# Your task:
Pictures stay out; everything else in the listing below is to be restated word for word.
(Records supplied)
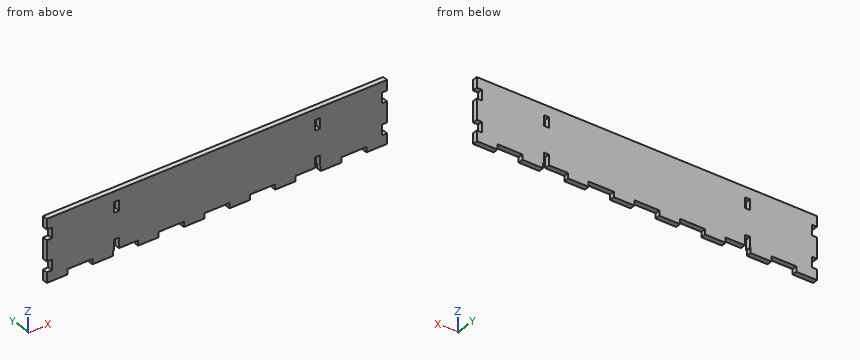
```python
from build123d import *

# Parameters (mm, degrees)
F0_W     = 419.1
F0_H     = 76.2
F1_DEPTH = 6.35
F2_W     = 30.842857
F2_H     = 6.35
F2_W_2   = 30.842858
F2_W_3   = 6.35
F2_H_2   = 12.7
F3_DEPTH = 6.351
F4_W     = 6.35
F4_H     = 12.7
F5_DEPTH = 6.351


with BuildPart() as f1:
    # F0 (on Front) → F1 (new body)
    with BuildSketch(Plane.XZ):
        Rectangle(F0_W, F0_H)
    extrude(amount=F1_DEPTH)

    # F2 (on face) → F3 (cut, through all)
    with BuildSketch(Plane.XZ.offset(6.35)):
        with Locations((-168.728571, -34.925)):
            Rectangle(F2_W, F2_H)
        with Locations((-112.485715, -34.925)):
            Rectangle(F2_W, F2_H)
        with Locations((-56.242857, -34.925)):
            Rectangle(F2_W, F2_H)
        with Locations((0, -34.925)):
            Rectangle(F2_W_2, F2_H)
        with Locations((56.242857, -34.925)):
            Rectangle(F2_W, F2_H)
        with Locations((112.485715, -34.925)):
            Rectangle(F2_W, F2_H)
        with Locations((168.728571, -34.925)):
            Rectangle(F2_W, F2_H)
        with Locations((-206.375, -19.05)):
            Rectangle(F2_W_3, F2_H_2)
        with Locations((-206.375, 19.05)):
            Rectangle(F2_W_3, F2_H_2)
        with Locations((206.375, 19.05)):
            Rectangle(F2_W_3, F2_H_2)
        with Locations((206.375, -19.05)):
            Rectangle(F2_W_3, F2_H_2)
    extrude(amount=-F3_DEPTH, mode=Mode.SUBTRACT)

    # F4 (on face) → F5 (cut, through all)
    with BuildSketch(Plane.XZ.offset(6.35)):
        with Locations((-123.825, -25.4)):
            Rectangle(F4_W, F4_H)
        with Locations((-123.825, 19.05)):
            Rectangle(F4_W, F4_H)
        with Locations((123.825, 19.05)):
            Rectangle(F4_W, F4_H)
        with Locations((123.825, -25.4)):
            Rectangle(F4_W, F4_H)
    extrude(amount=-F5_DEPTH, mode=Mode.SUBTRACT)


solid = f1.part
```
Model file for the job. Use its own axes, mm. Coordinates: 2 decimals unless noted, no trailing zeros. Order: outer loops, then holes, each group sorted by start corner. A loop starts at its lowest first (then second) coordinate and runs counter-clockwise, first axis right, second up. Notation, with made-up numbers: M 41,-19 L 53,-19 A27 cw 53,8 Z; hole C 57.5,-30 d11. An arc over 180 degrees is marked long. Answer as CSV lines item,"result".
(1) Wall check: line 1 along X through (y, z) = (-1, 14.5); line 2 along Z through (x, y) = (-159, -3.25); line 3 along X through (y, z) = (-2, -14). Give the ranges that are in metal, low to high.
Geometry says:
line 1,"x = -203.2 to -127, -120.65 to 120.65, 127 to 203.2"
line 2,"z = -31.75 to 38.1"
line 3,"x = -203.2 to 203.2"
(2) Band-saw the part on B-B, the plane x = -108.5. List the corners of the cut face in (y, z), then the cut area to 3 significant figures.
Geometry says:
outline,"M -6.35,-31.75 L 0,-31.75 L 0,38.1 L -6.35,38.1 Z"
area,"444 mm2"
(3) Band-saw the part on A-A, the plane y = -2. State how many separate pieces and enclosed holes the cut face has, then the cut area to 3 significant figures.
Geometry says:
separate pieces,"1"
enclosed holes,"2"
area,"29,900 mm2"
(4) Flat gauge pins, fed straight in: pin 1 (3 mm diameter, centred on y = -1, z = -19.5, fed in from +X); pin 2 (3 mm diameter, centred on x = 123.5, y = -3.5, fed in from -Z). Where does each tip first touch, or does it go through?
Geometry says:
pin 1,"stops at x = 203.2"
pin 2,"stops at z = -19.05"
(End Records supplied)
# Response for this exercise:
```python
from build123d import *

# Parameters (mm, degrees)
F0_W     = 419.1
F0_H     = 76.2
F1_DEPTH = 6.35
F2_W     = 30.842857
F2_H     = 6.35
F2_W_2   = 30.842858
F2_W_3   = 6.35
F2_H_2   = 12.7
F3_DEPTH = 6.351
F4_W     = 6.35
F4_H     = 12.7
F5_DEPTH = 6.351


with BuildPart() as f1:
    # F0 (on Front) → F1 (new body)
    with BuildSketch(Plane.XZ):
        Rectangle(F0_W, F0_H)
    extrude(amount=F1_DEPTH)

    # F2 (on face) → F3 (cut, through all)
    with BuildSketch(Plane.XZ.offset(6.35)):
        with Locations((-168.728571, -34.925)):
            Rectangle(F2_W, F2_H)
        with Locations((-112.485715, -34.925)):
            Rectangle(F2_W, F2_H)
        with Locations((-56.242857, -34.925)):
            Rectangle(F2_W, F2_H)
        with Locations((0, -34.925)):
            Rectangle(F2_W_2, F2_H)
        with Locations((56.242857, -34.925)):
            Rectangle(F2_W, F2_H)
        with Locations((112.485715, -34.925)):
            Rectangle(F2_W, F2_H)
        with Locations((168.728571, -34.925)):
            Rectangle(F2_W, F2_H)
        with Locations((-206.375, -19.05)):
            Rectangle(F2_W_3, F2_H_2)
        with Locations((-206.375, 19.05)):
            Rectangle(F2_W_3, F2_H_2)
        with Locations((206.375, 19.05)):
            Rectangle(F2_W_3, F2_H_2)
        with Locations((206.375, -19.05)):
            Rectangle(F2_W_3, F2_H_2)
    extrude(amount=-F3_DEPTH, mode=Mode.SUBTRACT)

    # F4 (on face) → F5 (cut, through all)
    with BuildSketch(Plane.XZ.offset(6.35)):
        with Locations((-123.825, -25.4)):
            Rectangle(F4_W, F4_H)
        with Locations((-123.825, 19.05)):
            Rectangle(F4_W, F4_H)
        with Locations((123.825, 19.05)):
            Rectangle(F4_W, F4_H)
        with Locations((123.825, -25.4)):
            Rectangle(F4_W, F4_H)
    extrude(amount=-F5_DEPTH, mode=Mode.SUBTRACT)


solid = f1.part
```
Model file for the job. Use its own axes, mm. Coordinates: 2 decimals unless noted, no trailing zeros. Order: outer loops, then holes, each group sorted by start corner. A loop starts at its lowest first (then second) coordinate and runs counter-clockwise, first axis right, second up. Notation, with made-up numbers: M 41,-19 L 53,-19 A27 cw 53,8 Z; hole C 57.5,-30 d11. An arc over 180 degrees is marked long. Answer as CSV lines item,"result".
(1) Wall check: line 1 along X through (y, z) = (-1, 14.5); line 2 along Z through (x, y) = (-159, -3.25); line 3 along X through (y, z) = (-2, -14). Give the ranges that are in metal, low to high.
Geometry says:
line 1,"x = -203.2 to -127, -120.65 to 120.65, 127 to 203.2"
line 2,"z = -31.75 to 38.1"
line 3,"x = -203.2 to 203.2"
(2) Band-saw the part on B-B, the plane x = -108.5. List the corners of the cut face in (y, z), then the cut area to 3 significant figures.
Geometry says:
outline,"M -6.35,-31.75 L 0,-31.75 L 0,38.1 L -6.35,38.1 Z"
area,"444 mm2"
(3) Band-saw the part on A-A, the plane y = -2. State how many separate pieces and enclosed holes the cut face has, then the cut area to 3 significant figures.
Geometry says:
separate pieces,"1"
enclosed holes,"2"
area,"29,900 mm2"
(4) Flat gauge pins, fed straight in: pin 1 (3 mm diameter, centred on y = -1, z = -19.5, fed in from +X); pin 2 (3 mm diameter, centred on x = 123.5, y = -3.5, fed in from -Z). Where does each tip first touch, or does it go through?
Geometry says:
pin 1,"stops at x = 203.2"
pin 2,"stops at z = -19.05"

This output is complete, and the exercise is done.